**Task objective**
Output range, inclusive: from the line containing "arc A1 (-22.4305, -4.8714)" to the line containing "normal blind 2". Restate those lines from the data below word for word and only those.

**Stored data**
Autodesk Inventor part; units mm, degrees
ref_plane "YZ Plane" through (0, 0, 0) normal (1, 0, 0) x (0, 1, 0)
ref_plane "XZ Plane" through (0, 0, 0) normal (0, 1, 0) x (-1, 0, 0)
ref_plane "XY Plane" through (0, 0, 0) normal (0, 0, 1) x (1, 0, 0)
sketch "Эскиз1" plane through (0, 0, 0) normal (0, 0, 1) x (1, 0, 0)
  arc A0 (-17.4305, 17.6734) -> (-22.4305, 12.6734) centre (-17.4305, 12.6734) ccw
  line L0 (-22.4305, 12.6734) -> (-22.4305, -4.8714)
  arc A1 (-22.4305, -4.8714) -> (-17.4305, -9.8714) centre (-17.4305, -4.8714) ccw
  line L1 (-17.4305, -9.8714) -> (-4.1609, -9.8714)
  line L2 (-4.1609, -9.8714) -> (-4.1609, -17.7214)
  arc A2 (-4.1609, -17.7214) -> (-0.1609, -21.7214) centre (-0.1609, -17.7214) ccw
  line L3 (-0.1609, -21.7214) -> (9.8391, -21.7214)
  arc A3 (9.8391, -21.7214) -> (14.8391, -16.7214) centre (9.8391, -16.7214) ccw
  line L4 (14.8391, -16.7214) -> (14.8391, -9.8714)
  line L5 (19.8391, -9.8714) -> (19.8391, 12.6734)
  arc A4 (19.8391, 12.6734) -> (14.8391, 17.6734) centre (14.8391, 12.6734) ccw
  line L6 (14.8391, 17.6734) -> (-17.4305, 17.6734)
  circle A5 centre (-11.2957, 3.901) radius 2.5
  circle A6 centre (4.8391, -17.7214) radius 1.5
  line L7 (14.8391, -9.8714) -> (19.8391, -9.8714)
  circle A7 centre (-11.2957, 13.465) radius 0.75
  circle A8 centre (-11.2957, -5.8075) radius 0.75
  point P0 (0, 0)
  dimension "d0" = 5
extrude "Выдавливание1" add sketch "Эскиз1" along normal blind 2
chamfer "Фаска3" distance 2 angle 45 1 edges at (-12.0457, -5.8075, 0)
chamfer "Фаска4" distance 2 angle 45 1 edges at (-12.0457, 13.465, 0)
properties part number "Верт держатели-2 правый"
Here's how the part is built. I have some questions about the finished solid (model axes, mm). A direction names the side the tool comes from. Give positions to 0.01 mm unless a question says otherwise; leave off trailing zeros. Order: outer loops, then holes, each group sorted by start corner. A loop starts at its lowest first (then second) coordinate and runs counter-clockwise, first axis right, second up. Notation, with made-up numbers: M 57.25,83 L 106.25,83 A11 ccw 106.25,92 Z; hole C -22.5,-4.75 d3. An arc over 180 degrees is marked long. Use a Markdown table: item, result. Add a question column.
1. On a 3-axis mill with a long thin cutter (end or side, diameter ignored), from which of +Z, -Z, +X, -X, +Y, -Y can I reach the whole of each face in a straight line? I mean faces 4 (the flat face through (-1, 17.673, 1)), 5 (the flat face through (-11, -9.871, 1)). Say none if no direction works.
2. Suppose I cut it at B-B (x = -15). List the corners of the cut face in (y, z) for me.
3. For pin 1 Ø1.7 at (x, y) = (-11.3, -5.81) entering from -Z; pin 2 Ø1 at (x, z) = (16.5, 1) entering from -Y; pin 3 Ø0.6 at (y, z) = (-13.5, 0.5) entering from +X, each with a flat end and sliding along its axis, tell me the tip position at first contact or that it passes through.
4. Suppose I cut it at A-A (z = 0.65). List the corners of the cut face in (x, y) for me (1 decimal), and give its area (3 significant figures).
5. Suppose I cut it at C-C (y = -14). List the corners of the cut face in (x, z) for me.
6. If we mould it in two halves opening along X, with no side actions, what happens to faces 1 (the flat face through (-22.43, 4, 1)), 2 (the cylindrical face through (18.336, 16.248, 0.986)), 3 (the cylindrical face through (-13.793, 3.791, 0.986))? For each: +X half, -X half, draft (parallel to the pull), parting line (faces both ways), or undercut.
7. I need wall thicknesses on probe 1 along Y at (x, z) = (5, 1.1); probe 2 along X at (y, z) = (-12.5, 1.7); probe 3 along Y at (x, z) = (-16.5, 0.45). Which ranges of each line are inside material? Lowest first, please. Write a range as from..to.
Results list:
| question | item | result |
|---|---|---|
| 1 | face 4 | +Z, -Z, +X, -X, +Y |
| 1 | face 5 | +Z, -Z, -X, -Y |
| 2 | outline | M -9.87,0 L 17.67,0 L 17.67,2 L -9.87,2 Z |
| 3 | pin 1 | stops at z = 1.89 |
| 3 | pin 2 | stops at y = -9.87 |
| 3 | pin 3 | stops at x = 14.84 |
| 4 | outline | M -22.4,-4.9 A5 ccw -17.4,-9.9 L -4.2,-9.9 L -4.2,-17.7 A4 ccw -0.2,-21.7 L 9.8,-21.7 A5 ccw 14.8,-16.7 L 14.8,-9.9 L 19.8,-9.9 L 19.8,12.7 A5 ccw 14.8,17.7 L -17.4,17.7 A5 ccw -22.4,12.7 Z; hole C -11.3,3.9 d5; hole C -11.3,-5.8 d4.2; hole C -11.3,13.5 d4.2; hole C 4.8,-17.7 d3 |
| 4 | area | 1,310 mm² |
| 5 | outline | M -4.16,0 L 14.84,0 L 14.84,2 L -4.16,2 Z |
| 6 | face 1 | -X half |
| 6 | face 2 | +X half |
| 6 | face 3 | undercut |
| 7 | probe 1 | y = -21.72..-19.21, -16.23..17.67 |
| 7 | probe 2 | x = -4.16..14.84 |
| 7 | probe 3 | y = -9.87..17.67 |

* * *

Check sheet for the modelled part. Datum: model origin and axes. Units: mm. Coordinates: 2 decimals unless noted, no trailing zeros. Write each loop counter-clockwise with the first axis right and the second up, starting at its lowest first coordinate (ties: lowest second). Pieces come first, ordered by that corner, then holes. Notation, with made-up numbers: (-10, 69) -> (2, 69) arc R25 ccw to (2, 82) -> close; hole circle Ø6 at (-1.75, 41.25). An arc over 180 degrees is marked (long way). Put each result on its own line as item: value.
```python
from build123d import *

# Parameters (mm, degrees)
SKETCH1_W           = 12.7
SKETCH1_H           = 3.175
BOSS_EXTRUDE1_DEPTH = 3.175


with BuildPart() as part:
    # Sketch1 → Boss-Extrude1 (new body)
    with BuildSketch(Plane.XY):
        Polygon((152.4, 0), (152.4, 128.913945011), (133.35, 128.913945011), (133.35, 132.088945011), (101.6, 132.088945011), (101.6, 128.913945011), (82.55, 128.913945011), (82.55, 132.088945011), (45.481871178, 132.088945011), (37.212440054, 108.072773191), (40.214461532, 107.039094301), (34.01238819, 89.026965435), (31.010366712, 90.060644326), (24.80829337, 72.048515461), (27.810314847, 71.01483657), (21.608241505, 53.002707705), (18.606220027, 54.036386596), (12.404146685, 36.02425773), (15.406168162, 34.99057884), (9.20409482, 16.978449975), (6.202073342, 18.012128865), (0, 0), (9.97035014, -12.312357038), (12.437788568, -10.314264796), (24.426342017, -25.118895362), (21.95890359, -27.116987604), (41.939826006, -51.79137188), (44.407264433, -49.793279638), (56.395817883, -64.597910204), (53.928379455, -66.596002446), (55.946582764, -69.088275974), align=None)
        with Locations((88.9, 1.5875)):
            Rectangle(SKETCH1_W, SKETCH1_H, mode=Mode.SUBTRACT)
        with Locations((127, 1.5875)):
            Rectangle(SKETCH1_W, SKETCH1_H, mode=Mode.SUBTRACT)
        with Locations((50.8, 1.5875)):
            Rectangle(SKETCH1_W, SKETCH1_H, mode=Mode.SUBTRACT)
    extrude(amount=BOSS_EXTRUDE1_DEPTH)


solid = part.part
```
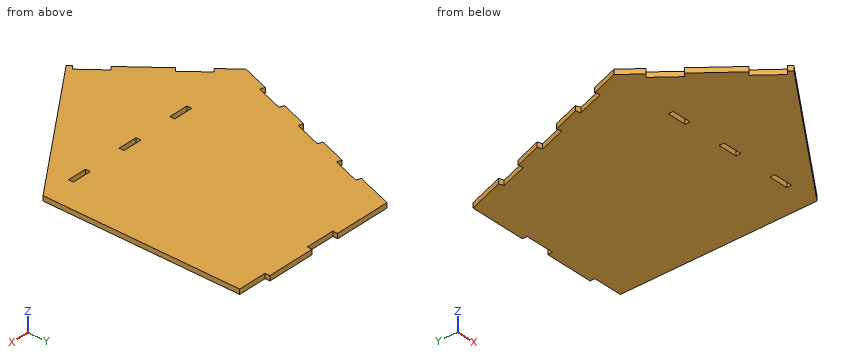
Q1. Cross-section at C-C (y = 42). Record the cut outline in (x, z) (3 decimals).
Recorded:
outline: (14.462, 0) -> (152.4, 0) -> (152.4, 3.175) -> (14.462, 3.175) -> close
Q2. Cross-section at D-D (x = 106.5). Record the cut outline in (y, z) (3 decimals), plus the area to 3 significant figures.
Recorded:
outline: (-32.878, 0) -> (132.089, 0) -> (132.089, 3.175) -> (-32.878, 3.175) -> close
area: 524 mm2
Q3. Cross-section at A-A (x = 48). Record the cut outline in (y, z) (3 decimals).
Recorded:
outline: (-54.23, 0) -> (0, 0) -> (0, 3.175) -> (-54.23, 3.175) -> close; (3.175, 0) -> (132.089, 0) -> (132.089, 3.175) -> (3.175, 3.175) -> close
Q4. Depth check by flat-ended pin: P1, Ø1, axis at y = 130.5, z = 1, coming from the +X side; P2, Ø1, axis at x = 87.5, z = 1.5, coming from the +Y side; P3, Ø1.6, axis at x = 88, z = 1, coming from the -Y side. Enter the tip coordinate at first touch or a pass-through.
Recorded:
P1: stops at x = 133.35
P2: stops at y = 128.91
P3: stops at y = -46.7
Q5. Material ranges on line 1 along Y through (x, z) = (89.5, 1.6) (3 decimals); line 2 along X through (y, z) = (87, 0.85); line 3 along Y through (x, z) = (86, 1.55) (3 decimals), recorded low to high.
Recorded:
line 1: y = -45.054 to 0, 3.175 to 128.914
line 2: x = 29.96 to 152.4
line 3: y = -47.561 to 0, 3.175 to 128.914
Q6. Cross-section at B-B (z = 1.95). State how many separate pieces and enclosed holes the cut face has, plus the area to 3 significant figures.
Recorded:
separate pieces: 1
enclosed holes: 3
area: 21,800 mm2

**Output below**
  arc A1 (-22.4305, -4.8714) -> (-17.4305, -9.8714) centre (-17.4305, -4.8714) ccw
  line L1 (-17.4305, -9.8714) -> (-4.1609, -9.8714)
  line L2 (-4.1609, -9.8714) -> (-4.1609, -17.7214)
  arc A2 (-4.1609, -17.7214) -> (-0.1609, -21.7214) centre (-0.1609, -17.7214) ccw
  line L3 (-0.1609, -21.7214) -> (9.8391, -21.7214)
  arc A3 (9.8391, -21.7214) -> (14.8391, -16.7214) centre (9.8391, -16.7214) ccw
  line L4 (14.8391, -16.7214) -> (14.8391, -9.8714)
  line L5 (19.8391, -9.8714) -> (19.8391, 12.6734)
  arc A4 (19.8391, 12.6734) -> (14.8391, 17.6734) centre (14.8391, 12.6734) ccw
  line L6 (14.8391, 17.6734) -> (-17.4305, 17.6734)
  circle A5 centre (-11.2957, 3.901) radius 2.5
  circle A6 centre (4.8391, -17.7214) radius 1.5
  line L7 (14.8391, -9.8714) -> (19.8391, -9.8714)
  circle A7 centre (-11.2957, 13.465) radius 0.75
  circle A8 centre (-11.2957, -5.8075) radius 0.75
  point P0 (0, 0)
  dimension "d0" = 5
extrude "Выдавливание1" add sketch "Эскиз1" along normal blind 2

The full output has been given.